---------- Recorded data
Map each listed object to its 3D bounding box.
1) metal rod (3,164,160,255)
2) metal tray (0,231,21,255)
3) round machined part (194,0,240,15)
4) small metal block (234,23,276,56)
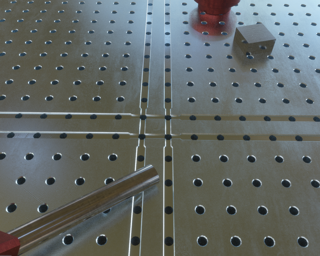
[{"bbox_3d":[-0.132,0.106,0.293,0.302,0.025,0.025,-23,54,-27],"label":"metal rod"},{"bbox_3d":[-0.198,0.123,0.268,0.131,0.030,0.090,15,86,11],"label":"metal tray"},{"bbox_3d":[0.112,-0.263,0.619,0.099,0.042,0.098,0,50,0],"label":"round machined part"},{"bbox_3d":[0.164,-0.155,0.540,0.050,0.025,0.050,-11,51,-10],"label":"small metal block"}]
--------------------
Which lines run from the one holding "1) metal rod (3,164,160,255)" through the one holding "3) round machined part (194,0,240,15)" in the records above? Repeat them exactly, both included, and nothing more.

# Completed exercise:
1) metal rod (3,164,160,255)
2) metal tray (0,231,21,255)
3) round machined part (194,0,240,15)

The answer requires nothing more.